数時間が経ち時計を見ると十七時が過ぎていた。玄関の閉まる音が聞こえてきたのでパソコンを切り閉じた後リビングへ行くと凪悠が帰ってきて夕飯の用意をしようとしていた。

僕も手伝うというと何かいいことでもあったのかと聞かれたので彼女が早く家に帰ってきてくれたことが嬉しいのだと軽い冗談をついて日中に会った依那との事は塞ぐようにその場を交わした。
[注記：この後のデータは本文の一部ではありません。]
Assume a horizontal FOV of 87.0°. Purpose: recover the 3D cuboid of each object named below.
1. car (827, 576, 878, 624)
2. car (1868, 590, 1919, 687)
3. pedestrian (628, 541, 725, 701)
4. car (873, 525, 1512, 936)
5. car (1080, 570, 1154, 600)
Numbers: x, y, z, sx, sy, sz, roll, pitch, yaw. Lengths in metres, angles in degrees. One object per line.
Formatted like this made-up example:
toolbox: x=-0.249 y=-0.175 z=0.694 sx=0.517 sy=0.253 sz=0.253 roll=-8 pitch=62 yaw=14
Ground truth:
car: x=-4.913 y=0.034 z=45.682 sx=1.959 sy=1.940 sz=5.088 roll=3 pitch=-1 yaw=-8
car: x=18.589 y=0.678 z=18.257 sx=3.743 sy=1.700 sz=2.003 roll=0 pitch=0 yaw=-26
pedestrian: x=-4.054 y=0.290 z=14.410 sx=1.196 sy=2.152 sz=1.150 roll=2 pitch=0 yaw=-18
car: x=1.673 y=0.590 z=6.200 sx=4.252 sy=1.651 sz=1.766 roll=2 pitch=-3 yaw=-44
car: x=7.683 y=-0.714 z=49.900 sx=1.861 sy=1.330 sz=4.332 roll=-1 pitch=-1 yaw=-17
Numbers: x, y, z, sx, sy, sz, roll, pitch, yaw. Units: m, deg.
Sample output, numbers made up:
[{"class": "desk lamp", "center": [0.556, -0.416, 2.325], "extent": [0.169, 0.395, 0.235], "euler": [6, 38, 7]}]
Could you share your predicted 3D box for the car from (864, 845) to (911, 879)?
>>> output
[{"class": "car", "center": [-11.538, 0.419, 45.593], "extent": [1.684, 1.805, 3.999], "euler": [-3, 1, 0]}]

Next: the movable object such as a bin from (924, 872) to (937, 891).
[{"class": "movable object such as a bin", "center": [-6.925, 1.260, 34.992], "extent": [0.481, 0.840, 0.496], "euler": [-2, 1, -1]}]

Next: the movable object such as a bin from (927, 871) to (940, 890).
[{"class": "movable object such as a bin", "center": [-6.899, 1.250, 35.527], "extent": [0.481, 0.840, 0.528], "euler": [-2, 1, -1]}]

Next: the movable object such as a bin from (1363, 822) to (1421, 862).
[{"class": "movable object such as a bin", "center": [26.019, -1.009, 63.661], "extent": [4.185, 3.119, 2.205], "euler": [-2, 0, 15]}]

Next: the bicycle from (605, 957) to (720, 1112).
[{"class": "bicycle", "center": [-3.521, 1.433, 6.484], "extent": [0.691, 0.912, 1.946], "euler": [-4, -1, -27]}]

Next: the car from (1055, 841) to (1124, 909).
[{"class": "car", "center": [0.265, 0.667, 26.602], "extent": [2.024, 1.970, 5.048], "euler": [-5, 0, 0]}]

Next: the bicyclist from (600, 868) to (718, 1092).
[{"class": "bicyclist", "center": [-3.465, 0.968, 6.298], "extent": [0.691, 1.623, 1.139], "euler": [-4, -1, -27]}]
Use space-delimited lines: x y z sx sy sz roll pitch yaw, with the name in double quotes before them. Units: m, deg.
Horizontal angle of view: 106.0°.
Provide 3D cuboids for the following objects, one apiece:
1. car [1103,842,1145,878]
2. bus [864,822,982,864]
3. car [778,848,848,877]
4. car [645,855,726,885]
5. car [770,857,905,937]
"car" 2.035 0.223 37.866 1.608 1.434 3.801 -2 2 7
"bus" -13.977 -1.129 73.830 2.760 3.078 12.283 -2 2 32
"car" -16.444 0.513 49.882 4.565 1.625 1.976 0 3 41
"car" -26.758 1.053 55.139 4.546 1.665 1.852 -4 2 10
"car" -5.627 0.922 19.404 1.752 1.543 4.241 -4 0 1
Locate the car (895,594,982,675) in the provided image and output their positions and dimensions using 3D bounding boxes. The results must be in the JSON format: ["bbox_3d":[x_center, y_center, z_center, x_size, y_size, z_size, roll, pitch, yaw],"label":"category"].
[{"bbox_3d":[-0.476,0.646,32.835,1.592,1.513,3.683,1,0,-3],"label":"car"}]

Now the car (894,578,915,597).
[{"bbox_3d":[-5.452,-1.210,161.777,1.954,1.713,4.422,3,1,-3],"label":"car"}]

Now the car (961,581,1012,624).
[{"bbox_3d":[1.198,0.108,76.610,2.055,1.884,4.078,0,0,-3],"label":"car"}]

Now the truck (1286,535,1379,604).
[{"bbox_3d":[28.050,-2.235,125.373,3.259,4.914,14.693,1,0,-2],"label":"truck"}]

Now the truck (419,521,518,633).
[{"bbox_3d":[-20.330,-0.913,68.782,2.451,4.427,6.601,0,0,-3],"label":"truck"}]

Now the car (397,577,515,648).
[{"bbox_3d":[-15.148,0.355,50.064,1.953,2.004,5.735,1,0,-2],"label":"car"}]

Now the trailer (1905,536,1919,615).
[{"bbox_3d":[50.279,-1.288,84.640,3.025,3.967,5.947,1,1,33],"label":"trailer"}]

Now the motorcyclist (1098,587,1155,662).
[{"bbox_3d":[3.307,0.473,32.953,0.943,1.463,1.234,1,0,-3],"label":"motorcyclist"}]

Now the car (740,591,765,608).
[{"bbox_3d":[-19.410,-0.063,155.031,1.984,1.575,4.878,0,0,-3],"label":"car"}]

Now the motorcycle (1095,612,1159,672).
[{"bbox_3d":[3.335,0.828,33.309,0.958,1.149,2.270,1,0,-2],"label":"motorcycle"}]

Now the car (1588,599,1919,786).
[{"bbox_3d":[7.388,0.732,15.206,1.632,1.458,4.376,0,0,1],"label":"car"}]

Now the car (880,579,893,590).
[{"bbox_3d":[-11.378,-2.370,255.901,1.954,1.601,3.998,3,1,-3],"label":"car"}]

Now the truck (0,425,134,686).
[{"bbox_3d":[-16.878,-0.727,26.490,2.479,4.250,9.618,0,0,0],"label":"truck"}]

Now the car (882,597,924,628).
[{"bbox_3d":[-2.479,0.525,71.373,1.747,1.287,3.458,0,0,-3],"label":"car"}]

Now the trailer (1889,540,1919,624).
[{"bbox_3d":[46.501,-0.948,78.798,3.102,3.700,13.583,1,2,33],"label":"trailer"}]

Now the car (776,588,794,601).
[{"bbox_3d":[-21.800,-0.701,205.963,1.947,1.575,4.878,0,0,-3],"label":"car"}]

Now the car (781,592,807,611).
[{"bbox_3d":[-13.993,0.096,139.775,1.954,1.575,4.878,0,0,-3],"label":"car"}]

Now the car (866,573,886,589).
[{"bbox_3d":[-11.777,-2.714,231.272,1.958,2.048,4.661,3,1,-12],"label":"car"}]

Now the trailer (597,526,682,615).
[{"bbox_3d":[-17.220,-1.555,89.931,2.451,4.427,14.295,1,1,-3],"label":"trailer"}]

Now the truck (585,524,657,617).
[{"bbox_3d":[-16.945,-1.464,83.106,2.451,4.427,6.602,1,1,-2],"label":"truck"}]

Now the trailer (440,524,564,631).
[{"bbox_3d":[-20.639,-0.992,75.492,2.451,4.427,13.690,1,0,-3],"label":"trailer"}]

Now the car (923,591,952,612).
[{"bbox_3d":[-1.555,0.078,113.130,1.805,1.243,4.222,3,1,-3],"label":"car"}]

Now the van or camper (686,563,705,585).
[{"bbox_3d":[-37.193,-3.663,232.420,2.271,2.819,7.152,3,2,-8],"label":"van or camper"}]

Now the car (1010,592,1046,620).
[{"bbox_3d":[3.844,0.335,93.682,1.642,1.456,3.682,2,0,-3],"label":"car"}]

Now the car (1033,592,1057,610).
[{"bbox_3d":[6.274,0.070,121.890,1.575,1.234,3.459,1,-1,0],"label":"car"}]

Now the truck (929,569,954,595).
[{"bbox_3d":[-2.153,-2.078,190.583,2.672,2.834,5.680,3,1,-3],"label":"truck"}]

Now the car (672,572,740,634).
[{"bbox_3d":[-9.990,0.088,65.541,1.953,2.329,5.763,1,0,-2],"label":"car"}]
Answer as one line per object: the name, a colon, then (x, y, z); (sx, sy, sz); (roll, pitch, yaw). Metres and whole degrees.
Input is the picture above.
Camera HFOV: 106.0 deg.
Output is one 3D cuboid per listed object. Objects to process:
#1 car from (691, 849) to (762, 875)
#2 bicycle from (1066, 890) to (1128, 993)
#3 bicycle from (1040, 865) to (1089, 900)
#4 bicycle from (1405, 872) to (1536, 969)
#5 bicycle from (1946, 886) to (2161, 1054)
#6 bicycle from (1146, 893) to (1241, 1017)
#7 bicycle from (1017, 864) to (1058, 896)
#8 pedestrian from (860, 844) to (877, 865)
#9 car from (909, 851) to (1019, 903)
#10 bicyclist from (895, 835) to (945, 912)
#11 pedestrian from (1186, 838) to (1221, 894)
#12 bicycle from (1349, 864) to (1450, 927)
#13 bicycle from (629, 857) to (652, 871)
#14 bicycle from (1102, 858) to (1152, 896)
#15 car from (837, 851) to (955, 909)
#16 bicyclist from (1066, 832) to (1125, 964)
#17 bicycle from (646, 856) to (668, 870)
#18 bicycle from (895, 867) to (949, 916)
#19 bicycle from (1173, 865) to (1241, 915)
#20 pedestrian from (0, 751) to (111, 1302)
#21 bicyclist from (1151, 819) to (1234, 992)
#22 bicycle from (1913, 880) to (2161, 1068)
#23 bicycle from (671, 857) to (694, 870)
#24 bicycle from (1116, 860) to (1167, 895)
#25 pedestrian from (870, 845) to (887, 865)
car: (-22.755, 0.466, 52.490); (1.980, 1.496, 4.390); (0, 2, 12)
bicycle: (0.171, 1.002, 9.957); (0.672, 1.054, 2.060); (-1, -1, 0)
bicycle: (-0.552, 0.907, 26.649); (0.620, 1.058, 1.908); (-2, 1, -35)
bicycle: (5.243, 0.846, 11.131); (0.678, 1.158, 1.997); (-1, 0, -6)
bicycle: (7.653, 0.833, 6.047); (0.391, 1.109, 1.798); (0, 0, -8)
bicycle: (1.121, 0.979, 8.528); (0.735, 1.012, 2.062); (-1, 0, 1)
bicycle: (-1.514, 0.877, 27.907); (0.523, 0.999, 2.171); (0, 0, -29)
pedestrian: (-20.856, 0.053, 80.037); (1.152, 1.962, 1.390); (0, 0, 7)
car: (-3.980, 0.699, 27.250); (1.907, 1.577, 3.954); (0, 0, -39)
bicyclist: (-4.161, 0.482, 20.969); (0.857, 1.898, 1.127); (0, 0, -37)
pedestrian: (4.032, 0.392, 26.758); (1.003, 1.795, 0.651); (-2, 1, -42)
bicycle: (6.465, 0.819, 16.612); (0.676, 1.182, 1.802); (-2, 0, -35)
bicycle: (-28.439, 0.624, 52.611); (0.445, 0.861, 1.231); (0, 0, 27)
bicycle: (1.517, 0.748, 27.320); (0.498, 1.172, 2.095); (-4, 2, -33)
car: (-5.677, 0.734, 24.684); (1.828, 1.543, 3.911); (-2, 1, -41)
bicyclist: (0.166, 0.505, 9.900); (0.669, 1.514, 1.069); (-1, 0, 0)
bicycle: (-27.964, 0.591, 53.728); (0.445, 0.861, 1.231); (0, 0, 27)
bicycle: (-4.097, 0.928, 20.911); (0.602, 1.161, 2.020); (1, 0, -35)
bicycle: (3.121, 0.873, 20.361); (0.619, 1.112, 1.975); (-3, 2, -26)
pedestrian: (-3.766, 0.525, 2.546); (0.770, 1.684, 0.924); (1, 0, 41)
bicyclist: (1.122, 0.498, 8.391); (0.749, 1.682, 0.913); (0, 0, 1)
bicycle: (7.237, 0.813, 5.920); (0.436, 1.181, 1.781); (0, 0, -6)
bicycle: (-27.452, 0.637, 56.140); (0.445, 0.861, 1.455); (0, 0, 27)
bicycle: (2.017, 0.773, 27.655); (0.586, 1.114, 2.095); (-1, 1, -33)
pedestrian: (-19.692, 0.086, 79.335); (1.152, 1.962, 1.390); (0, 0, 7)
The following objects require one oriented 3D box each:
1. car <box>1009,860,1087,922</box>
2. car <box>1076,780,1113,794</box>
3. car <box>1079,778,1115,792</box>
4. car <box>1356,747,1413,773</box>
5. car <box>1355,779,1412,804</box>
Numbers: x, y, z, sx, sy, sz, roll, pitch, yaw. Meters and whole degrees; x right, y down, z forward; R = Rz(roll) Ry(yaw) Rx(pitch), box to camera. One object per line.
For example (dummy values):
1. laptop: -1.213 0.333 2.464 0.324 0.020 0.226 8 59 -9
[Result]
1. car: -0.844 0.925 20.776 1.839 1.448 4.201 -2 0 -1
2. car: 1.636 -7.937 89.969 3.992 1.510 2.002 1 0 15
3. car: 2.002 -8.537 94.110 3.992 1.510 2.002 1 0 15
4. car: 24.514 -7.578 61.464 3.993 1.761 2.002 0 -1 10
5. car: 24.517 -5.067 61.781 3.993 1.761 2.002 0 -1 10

食後に先に浴室へ行き身体を洗い流して湯船に浸かった。いつもの適温より二度低く湯を沸かしたが何だかやけに熱く感じている。どうやら執筆の構想が頭から抜けずにずっと僕の中で居座っているようなのだ。いや、居座っているのは依那の存在の方が遥かに大きくなっている。

浴槽の淵に片腕を置き顎を乗せて彼女の事を考えていた。


僕はこれから許されないことをしようと計画している。


凪悠には申し訳ないことだが今は明らかに依那の方が肥大化して自分の中にある彼女への片思いが爆発しそうなのだ。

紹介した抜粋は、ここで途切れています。